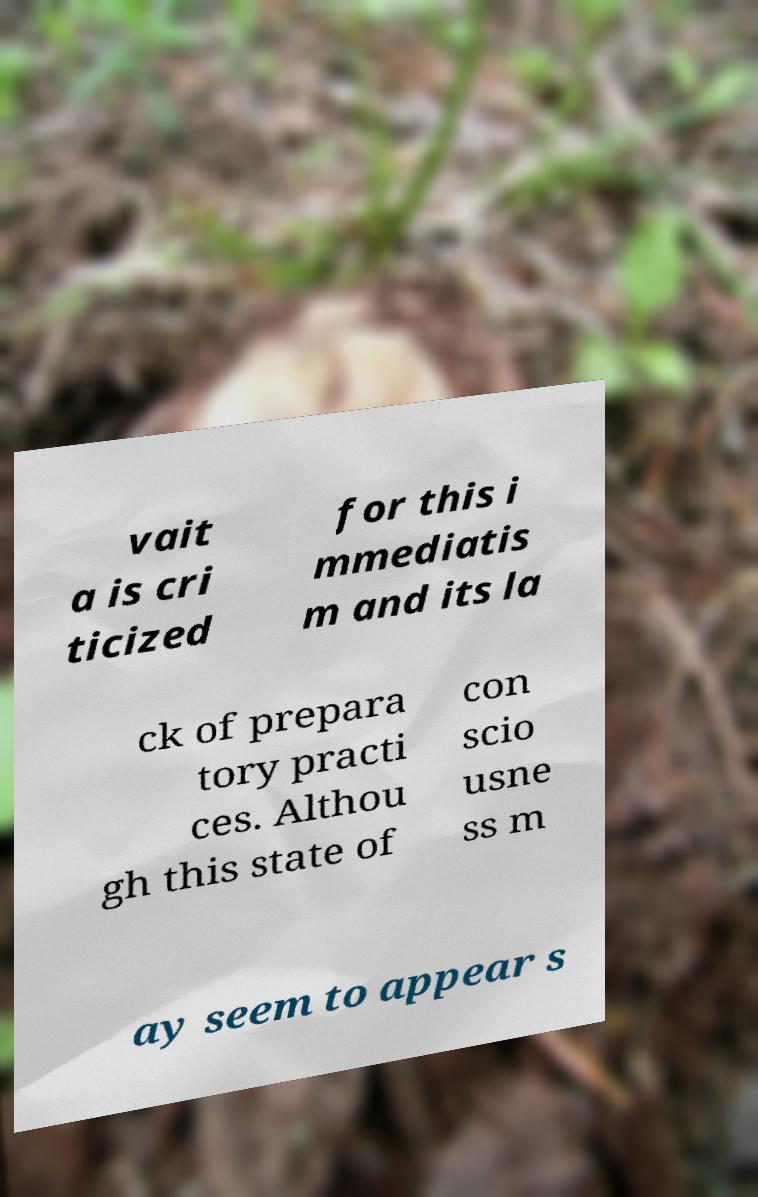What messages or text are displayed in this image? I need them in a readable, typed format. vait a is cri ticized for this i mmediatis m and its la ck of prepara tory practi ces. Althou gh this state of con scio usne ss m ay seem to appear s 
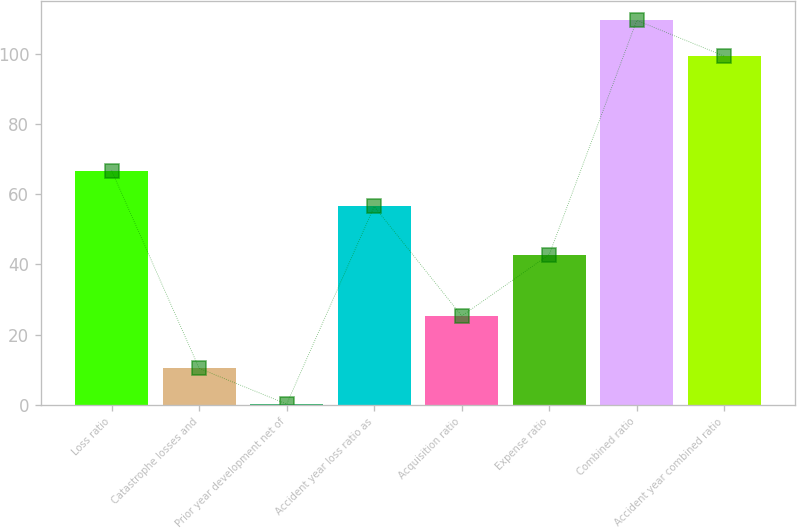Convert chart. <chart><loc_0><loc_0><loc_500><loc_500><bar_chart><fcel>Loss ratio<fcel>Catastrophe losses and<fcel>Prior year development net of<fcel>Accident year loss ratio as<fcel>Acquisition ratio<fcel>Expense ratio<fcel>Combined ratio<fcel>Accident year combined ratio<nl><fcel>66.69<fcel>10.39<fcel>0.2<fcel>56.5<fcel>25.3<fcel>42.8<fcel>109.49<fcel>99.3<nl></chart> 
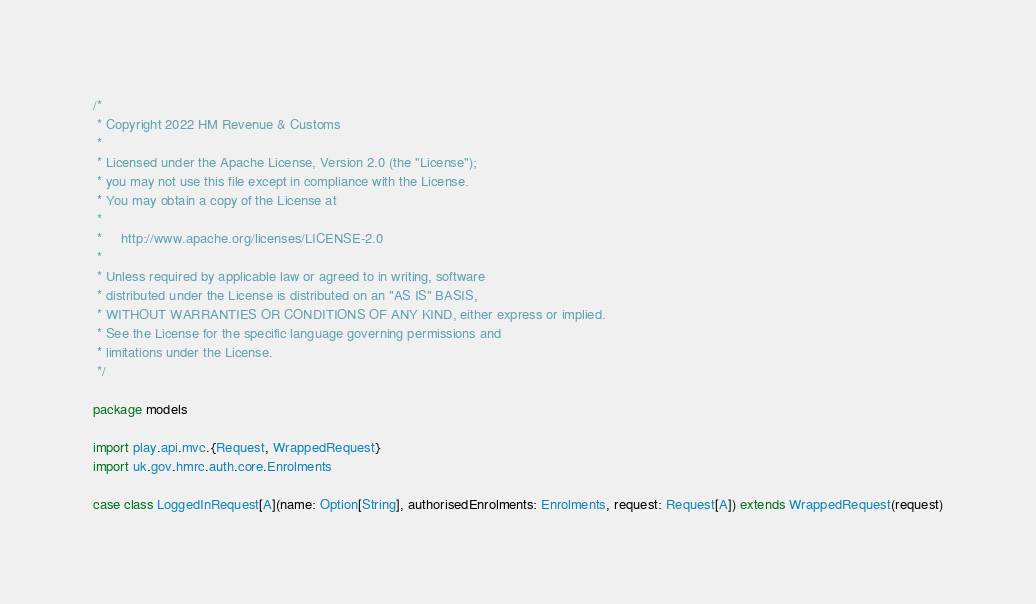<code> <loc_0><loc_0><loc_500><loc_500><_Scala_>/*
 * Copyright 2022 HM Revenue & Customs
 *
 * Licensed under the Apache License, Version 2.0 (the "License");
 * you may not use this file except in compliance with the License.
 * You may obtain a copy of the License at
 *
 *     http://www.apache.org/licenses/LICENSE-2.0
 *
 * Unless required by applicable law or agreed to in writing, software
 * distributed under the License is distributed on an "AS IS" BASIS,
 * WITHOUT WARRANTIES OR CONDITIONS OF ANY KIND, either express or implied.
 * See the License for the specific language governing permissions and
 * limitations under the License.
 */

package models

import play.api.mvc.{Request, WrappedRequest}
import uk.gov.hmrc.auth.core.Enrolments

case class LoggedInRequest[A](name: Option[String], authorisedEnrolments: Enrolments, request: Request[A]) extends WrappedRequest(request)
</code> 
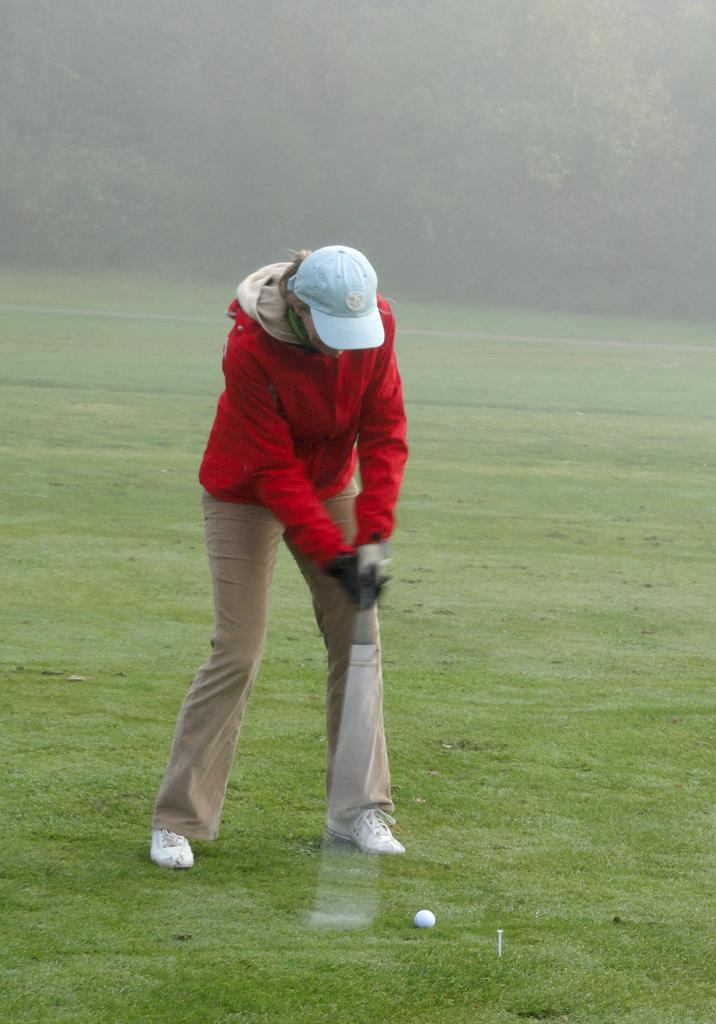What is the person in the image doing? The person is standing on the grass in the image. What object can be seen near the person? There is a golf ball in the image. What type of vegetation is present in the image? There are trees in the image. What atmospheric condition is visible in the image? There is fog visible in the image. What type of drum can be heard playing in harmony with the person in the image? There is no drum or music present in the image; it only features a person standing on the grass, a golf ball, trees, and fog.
==========
Work order
Check each line of the listing above for the string "import", then please give the number of lines where it appears and nothing else.

Answer box
2